The Finnstep was invented by Susanna Rahkamo and Petri Kokko, and was first performed in Dortmund, Germany, in 1995. It is skated in the music rhythm of the quickstep 2/4, and at a tempo of 52 two-beat measures per minute (104 beats per minute). It is more "boisterous" than other pattern dances, and includes some of the same spirit and technical nuance as the quickstep. U.S. Figure Skating calls the Finnstep "a fun, fast dance" and says that it resembles "sparkling champagne". It has also been called "a fan favorite". It "must be as much fun to watch as it is to dance". The Finnstep is a ballroom-type quickstep and should be danced "very lightly", although a polka or a folklore character should be avoided while performing. U.S. Figure Skating adds, "The dance is not serious, so it can even be performed a bit comically". It also measures the team's musicality.

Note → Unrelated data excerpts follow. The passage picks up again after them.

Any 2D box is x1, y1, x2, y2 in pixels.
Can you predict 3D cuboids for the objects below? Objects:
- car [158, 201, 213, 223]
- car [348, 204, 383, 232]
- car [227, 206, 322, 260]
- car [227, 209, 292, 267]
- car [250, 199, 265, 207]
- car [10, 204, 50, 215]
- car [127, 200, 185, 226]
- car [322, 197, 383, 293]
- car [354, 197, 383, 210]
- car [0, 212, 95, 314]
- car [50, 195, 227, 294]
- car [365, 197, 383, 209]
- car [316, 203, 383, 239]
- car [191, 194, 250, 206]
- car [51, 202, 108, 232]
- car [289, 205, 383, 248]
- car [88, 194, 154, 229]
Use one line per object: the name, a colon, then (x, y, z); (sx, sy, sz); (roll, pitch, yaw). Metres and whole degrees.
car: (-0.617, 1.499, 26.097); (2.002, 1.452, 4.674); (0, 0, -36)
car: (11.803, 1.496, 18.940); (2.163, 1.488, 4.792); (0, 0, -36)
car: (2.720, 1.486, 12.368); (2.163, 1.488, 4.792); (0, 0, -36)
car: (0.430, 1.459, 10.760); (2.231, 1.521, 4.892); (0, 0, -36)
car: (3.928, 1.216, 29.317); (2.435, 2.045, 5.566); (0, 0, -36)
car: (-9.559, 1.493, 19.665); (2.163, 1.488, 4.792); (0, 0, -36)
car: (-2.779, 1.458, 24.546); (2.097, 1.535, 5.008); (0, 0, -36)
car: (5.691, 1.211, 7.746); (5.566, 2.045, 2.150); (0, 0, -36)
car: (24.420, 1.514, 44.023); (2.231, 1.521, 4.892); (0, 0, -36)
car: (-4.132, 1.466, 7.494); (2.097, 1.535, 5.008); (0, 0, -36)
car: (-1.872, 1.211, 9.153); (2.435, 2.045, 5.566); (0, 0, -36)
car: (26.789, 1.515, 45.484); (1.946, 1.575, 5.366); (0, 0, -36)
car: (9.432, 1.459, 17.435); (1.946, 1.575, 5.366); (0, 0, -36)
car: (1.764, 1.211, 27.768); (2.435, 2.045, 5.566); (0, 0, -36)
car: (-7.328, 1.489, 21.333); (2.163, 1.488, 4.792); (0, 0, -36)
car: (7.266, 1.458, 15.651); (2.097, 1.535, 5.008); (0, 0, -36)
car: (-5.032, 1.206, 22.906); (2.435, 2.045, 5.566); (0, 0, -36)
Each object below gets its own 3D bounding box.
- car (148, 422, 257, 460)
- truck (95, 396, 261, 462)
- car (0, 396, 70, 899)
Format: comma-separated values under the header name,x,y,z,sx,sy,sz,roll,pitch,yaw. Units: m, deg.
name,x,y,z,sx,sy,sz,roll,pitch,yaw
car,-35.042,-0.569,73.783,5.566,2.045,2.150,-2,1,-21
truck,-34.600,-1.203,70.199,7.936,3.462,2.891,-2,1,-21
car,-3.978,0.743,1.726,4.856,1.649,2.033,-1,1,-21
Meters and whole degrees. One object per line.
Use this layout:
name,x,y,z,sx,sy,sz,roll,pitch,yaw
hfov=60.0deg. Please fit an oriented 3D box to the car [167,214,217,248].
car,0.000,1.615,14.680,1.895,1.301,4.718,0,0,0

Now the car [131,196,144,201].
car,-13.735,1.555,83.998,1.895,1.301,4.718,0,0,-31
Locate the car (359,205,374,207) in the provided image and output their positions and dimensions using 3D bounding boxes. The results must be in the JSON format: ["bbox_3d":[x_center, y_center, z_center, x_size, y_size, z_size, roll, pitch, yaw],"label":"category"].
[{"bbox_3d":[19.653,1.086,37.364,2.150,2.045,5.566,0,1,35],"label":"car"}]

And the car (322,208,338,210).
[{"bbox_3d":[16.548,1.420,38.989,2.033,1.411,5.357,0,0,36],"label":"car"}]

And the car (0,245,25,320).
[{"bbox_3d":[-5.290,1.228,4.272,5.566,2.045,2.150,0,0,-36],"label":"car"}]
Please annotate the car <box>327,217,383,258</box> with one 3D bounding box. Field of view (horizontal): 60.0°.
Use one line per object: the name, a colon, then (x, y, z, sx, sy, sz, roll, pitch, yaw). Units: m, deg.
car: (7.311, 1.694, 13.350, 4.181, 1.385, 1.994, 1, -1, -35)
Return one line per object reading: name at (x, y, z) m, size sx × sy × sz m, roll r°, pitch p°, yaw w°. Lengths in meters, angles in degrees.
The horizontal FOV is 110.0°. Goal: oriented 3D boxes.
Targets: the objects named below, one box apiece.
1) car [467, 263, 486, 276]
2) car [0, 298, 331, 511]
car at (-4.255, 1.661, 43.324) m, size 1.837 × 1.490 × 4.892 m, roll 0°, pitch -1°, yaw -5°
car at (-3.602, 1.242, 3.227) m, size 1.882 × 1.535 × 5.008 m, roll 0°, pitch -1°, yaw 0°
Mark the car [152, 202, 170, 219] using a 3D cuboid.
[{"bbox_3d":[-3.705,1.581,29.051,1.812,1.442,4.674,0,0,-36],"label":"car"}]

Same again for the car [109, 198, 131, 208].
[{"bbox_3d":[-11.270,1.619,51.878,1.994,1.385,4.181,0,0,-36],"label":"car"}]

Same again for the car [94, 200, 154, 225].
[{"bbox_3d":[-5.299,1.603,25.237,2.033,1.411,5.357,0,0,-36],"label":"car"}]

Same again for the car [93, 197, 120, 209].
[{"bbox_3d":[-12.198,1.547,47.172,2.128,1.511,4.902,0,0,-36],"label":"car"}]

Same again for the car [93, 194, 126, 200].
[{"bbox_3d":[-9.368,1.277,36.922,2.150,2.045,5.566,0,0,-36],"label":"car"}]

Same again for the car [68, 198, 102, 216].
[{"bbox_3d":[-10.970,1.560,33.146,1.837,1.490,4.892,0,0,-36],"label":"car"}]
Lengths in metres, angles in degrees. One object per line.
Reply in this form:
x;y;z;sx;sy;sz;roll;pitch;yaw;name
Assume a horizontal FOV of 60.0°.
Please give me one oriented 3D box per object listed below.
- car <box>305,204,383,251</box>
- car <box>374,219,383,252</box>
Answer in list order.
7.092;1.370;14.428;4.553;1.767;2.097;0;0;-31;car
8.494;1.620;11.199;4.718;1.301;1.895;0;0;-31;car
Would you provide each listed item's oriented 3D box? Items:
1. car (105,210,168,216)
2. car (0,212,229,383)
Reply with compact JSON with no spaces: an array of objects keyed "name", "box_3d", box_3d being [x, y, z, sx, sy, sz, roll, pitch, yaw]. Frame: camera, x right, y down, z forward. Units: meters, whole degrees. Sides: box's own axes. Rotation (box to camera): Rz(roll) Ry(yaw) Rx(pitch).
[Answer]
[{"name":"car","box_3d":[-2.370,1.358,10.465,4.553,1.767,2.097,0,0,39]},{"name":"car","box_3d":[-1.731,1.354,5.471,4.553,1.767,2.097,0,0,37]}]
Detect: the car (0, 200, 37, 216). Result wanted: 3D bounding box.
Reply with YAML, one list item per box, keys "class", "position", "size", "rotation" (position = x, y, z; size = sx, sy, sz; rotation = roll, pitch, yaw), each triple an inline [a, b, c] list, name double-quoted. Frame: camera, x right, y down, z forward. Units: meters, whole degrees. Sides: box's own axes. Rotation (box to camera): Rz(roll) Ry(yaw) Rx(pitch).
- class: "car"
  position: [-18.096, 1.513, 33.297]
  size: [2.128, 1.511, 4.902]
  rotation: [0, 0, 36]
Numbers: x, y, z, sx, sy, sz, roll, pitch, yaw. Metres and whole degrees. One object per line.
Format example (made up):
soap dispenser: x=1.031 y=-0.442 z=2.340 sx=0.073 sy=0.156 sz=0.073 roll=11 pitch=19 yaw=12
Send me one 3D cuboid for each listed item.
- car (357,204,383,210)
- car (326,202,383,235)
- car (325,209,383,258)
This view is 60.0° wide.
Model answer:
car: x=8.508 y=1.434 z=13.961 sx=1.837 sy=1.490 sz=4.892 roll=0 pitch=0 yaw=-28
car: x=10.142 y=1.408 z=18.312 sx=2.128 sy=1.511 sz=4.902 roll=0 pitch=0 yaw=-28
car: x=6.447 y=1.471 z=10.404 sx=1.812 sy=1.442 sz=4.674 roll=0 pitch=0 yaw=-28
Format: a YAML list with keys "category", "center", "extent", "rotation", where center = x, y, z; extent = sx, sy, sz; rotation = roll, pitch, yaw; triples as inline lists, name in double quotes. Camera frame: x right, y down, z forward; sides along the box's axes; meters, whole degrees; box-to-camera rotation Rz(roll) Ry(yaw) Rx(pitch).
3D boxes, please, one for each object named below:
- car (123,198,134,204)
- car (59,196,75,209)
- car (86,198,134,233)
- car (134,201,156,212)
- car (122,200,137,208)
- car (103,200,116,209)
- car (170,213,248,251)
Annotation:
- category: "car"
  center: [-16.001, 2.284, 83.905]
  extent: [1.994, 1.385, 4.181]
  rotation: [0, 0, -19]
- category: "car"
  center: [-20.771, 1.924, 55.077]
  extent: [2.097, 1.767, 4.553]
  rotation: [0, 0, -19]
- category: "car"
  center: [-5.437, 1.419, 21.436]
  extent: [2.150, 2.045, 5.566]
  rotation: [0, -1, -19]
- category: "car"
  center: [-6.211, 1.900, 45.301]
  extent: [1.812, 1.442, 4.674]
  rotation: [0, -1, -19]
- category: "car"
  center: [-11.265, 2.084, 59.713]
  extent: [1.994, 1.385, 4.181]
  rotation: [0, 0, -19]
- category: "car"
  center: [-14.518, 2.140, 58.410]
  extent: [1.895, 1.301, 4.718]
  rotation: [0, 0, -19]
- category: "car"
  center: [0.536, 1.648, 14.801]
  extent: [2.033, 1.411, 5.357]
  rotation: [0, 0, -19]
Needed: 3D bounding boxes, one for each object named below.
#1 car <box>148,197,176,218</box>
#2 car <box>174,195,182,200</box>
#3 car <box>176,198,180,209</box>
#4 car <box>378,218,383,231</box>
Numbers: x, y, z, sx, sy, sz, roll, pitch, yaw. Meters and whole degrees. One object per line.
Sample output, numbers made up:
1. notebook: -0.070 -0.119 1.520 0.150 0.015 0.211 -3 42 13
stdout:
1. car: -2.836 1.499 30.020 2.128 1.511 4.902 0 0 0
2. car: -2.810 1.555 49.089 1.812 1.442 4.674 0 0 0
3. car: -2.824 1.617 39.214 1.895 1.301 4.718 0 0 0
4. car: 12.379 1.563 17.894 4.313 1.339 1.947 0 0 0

The Finnstep requires crisp and tidy timing and footwork. According to U.S. Figure Skating, timing is the dance's most important characteristic; when it lacks crisp and tidy timing, as well as character, the team "should be penalized severely". Skaters should execute steps at the beginning of the beat, not just on the beat, because it helps them achieve the necessary lightness. The skaters' posture should be upright and almost stiff throughout the dance. Partners should skate the longer steps in the dance with strong, deep, and well-rounded edges, which should contrast with the dance's crisp and light steps, toe steps and hops (small jumps without rotation). U.S. Figure Skating also states: "Just skating the steps is not enough. It is how the steps are executed and what is 'said and expressed' with the technique that is important, not the technique in itself".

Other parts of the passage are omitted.